On the Direction of Discrimination: An Information-Theoretic Analysis of Disparate Impact in Machine Learning
This work addresses systematic discrimination in AI systems, which is a critical issue for fairness in domains like criminal justice, though it is incremental as it builds on existing methods for bias correction.
The paper tackles the problem of disparate impact in machine learning by proposing an information-theoretic framework to analyze and correct discrimination in binary classification models, demonstrating its effectiveness on the COMPAS dataset for recidivism prediction.

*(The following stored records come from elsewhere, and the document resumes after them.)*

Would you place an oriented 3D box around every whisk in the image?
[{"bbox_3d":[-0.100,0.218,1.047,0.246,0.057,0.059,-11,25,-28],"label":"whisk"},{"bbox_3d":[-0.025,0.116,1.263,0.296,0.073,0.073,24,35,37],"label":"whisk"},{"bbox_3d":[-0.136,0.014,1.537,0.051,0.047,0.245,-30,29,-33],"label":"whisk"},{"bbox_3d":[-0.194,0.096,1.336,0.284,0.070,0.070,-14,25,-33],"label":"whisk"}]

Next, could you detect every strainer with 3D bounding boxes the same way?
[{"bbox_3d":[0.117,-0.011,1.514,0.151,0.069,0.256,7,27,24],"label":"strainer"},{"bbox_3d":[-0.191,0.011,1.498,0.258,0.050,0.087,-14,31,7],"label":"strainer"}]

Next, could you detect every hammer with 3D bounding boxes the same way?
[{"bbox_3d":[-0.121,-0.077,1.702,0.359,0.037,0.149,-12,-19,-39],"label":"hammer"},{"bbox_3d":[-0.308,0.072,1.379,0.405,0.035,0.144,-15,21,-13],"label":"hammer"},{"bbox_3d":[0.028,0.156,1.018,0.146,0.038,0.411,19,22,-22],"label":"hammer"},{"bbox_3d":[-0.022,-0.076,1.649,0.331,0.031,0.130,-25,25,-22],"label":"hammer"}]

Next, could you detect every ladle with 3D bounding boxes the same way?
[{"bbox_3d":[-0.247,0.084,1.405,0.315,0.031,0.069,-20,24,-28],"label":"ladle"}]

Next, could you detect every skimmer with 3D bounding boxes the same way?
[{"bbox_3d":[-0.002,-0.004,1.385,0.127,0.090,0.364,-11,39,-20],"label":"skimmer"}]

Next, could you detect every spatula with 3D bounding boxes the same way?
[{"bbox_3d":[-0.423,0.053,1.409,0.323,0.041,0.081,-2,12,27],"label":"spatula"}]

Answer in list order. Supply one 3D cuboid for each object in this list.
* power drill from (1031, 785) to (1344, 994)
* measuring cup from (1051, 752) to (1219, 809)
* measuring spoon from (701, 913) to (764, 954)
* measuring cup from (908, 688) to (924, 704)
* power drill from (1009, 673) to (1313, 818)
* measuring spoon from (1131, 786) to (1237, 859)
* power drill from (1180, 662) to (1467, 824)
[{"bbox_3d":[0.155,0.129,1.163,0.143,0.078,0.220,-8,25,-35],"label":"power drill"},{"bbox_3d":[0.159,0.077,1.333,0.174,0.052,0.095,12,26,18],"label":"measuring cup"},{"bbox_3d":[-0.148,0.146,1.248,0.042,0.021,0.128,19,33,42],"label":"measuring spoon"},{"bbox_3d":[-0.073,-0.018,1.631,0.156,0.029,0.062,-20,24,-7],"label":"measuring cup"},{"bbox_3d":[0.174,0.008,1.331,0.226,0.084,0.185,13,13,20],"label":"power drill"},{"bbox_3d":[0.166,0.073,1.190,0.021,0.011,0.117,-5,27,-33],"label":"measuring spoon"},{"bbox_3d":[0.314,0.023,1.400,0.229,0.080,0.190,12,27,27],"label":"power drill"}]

In the context of machine learning, disparate impact refers to a form of systematic discrimination whereby the output distribution of a model depends on the value of a sensitive attribute (e.g., race or gender). In this paper, we propose an information-theoretic framework to analyze the disparate impact of a binary classification model. We view the model as a fixed channel, and quantify disparate impact as the divergence in output distributions over two groups. Our aim is to find a correction function that can perturb the input distributions of each group to align their output distributions. We present an optimization problem that can be solved to obtain a correction function that will make the output distributions statistically indistinguishable. We derive closed-form expressions to efficiently compute the correction function, and demonstrate the benefits of our framework on a recidivism prediction problem based on the ProPublica COMPAS dataset.